The graph is vaguely bell-shaped, but there are some clear outliers: the Yankees scored exactly 3 runs in a game significantly more than is predicted by normal distribution, and allowed 2 runs a lot as well. Overall, the Yankees averaged 5.72 runs/game, with a standard deviation of 3.68. How does this compare to the team which knocked the Yanks from the playoffs? The Tigers averaged fewer runs per game (5.07) and with a smaller standard deviation (3.39). Here’s the Tigers’ run distribution:

So is it true that the Tigers had a more “consistent” offense, and that’s why they were better equipped to win in the small-sample environment of a Division Series? Well, I’m not sure. As I said, I’m not a statistician, and I would welcome the assistance of one for this data. In the meantime, this looks like a perfect use for Did Your Job Stat. As I hinted in the comments to Sam’s original post, DYJS originated not out of individual performance, but of that of a team. How often did the Yankees’ offense “do their job” and score at least five runs in a game? How often did the Yankees’ pitching “do their job” and limit the opposition to four or fewer runs?

Thanks to retrosheet.org and a parsing program written by Sam, I was able to collect this data for all MLB teams from the 2006 season. The results are very, very interesting and I will not try to say it all in one post. However, you can view the summarized data here. In the coming days and weeks I’ll try to dissect this data (as well as historical data from previous seasons) to determine what it is that DYJS can tell us about a team’s success in the regular season and the post season.


SOB21 said...

The more runs a team scores, the greater the standard deviation. This is the largest single reason for the Yankees having such a large standard deviation.

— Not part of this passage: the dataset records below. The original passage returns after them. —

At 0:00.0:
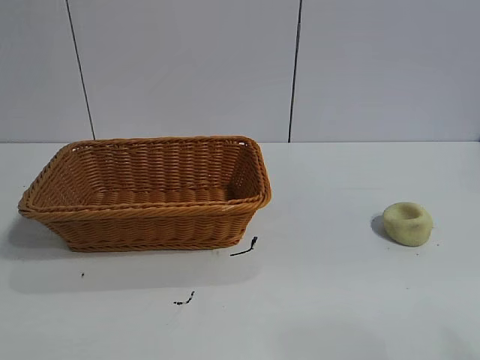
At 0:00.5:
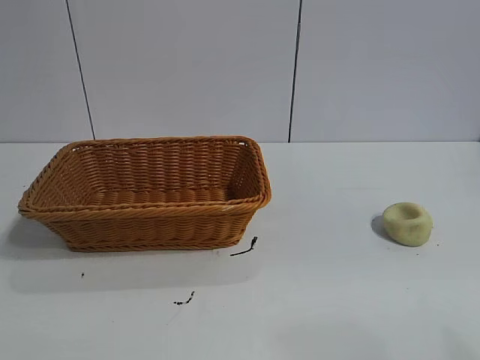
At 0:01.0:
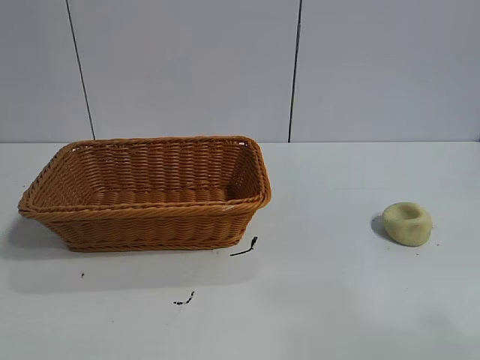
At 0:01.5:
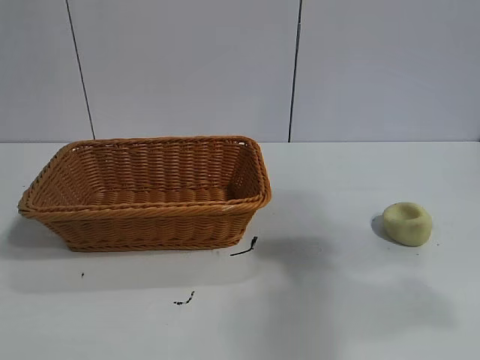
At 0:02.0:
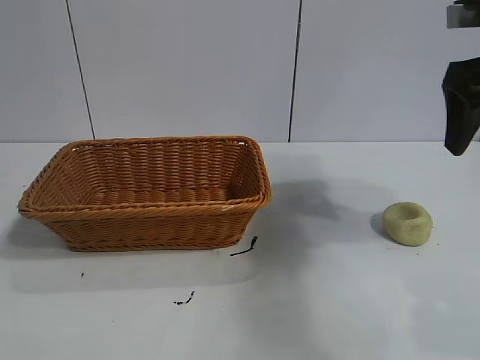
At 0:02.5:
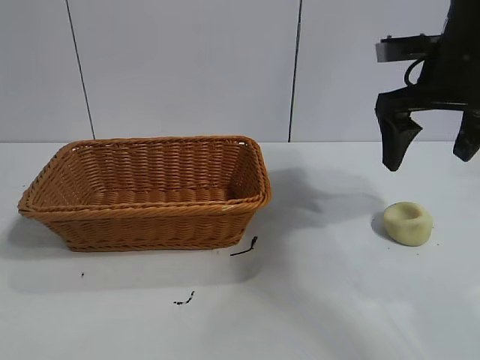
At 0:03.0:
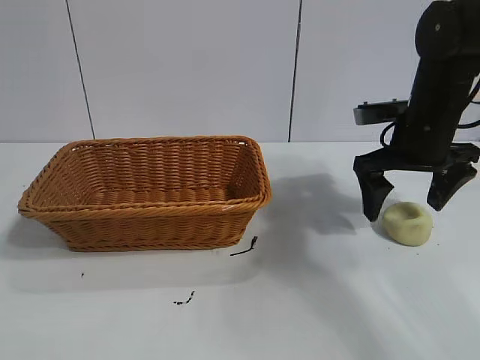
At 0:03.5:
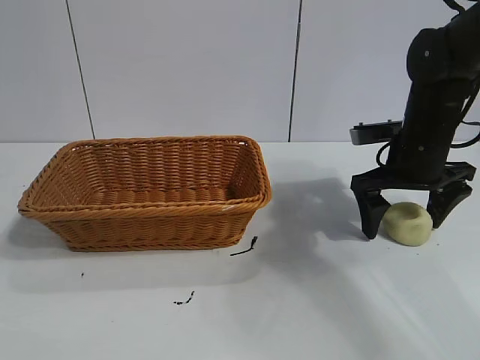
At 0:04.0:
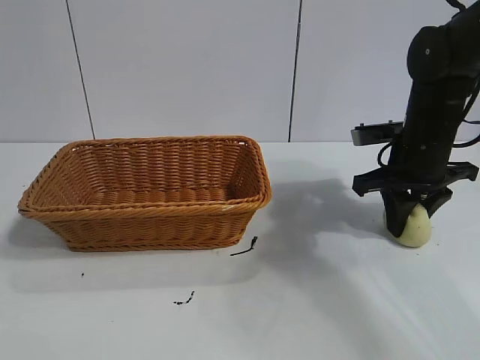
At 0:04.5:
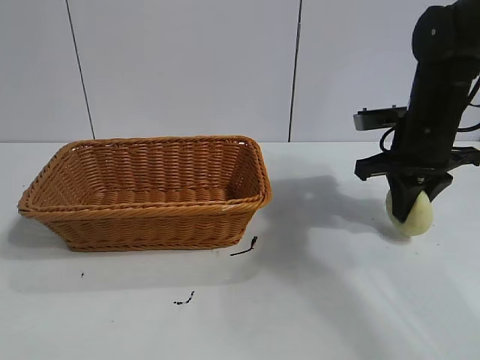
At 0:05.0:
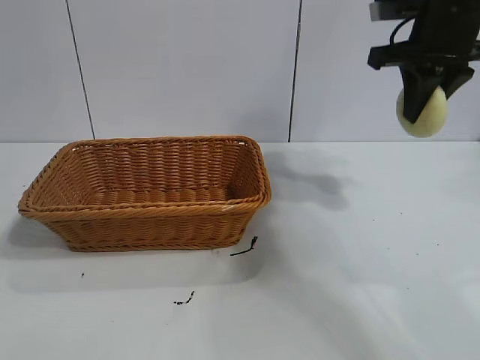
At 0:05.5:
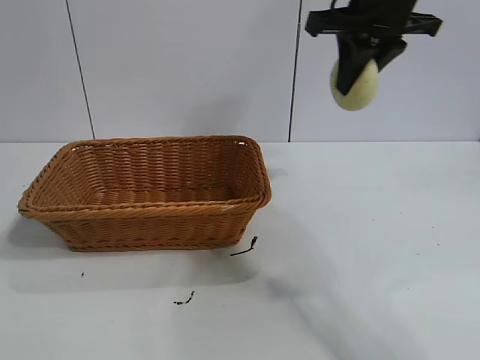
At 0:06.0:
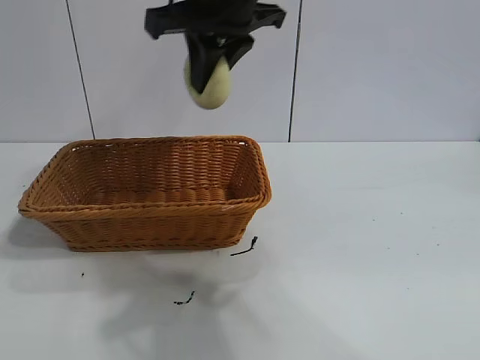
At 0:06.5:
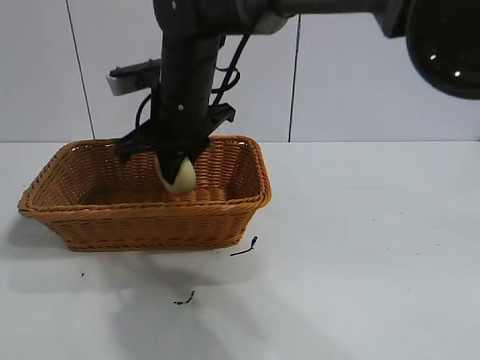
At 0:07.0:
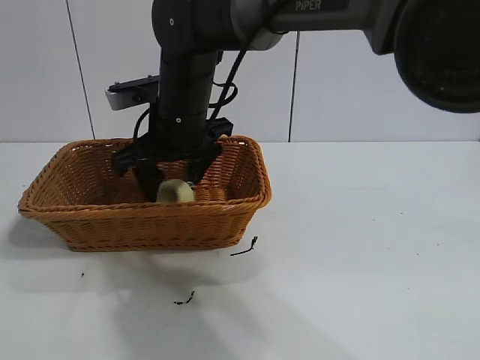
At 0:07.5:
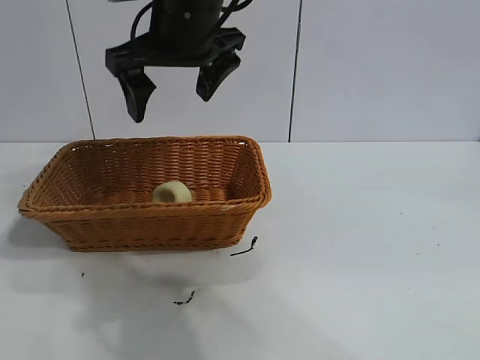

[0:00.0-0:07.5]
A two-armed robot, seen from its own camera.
Task of the whole recording: pick up the egg yolk pastry and put it into the basket.
Step, 0:01.0 to 0:04.0: Grasp egg yolk pastry with right gripper.
Step, 0:04.5 to 0:07.0: Place the egg yolk pastry in the basket with right gripper.

Second, the greater the advantage/disadvantage afforded in scoring runs by a team's home ballpark, the greater the standard deviation. Look at the Rockies. I like the concept, but think you've drawn conclusions that aren't necessarily true.

Matt said...

That is an excellent point. Using my data I found that the Standard Deviation of runs scored and runs/game is 0.71, which is quite high. That's interesting, because while Runs/Game are well correlated with wins (duh), standard deviation is not.

As for your other point, I went to ESPN.com and found the park factors for all 30 stadiums in 2006. Based off of this, the correlation between a team's home park factor and its runs scored per game is -0.09. The correlation between park factor and standard deviation of runs scored is even less, at r = 0.02. So while the Rockies have a hitters' park and a high deviation, they do not appear to be indicative of a trend.

Thanks for your comments.

SOB21 said...

Good call on checking the correlation with park factor - I would've thought that since the home/away games essentially create two bell shaped curves for runs scored that the further apart they are, the greater the standard deviation.

It's interesting that you got negative correlation between park factor and runs scored - doesn't make much intuitive sense. Although, when I think about it, it seems that getting a counterintuitive result is more likely because when a team is up after the eigth, they don't bat in the ninth, meaning 11% less runs ABs on average in a win. With that in mind, it makes some sense - whatever advantage is afforded by having a beneficial home park is negated by losing that extra frame.


I hope you enjoy getting your formal training - you seem to be the kind of person who will find it interesting.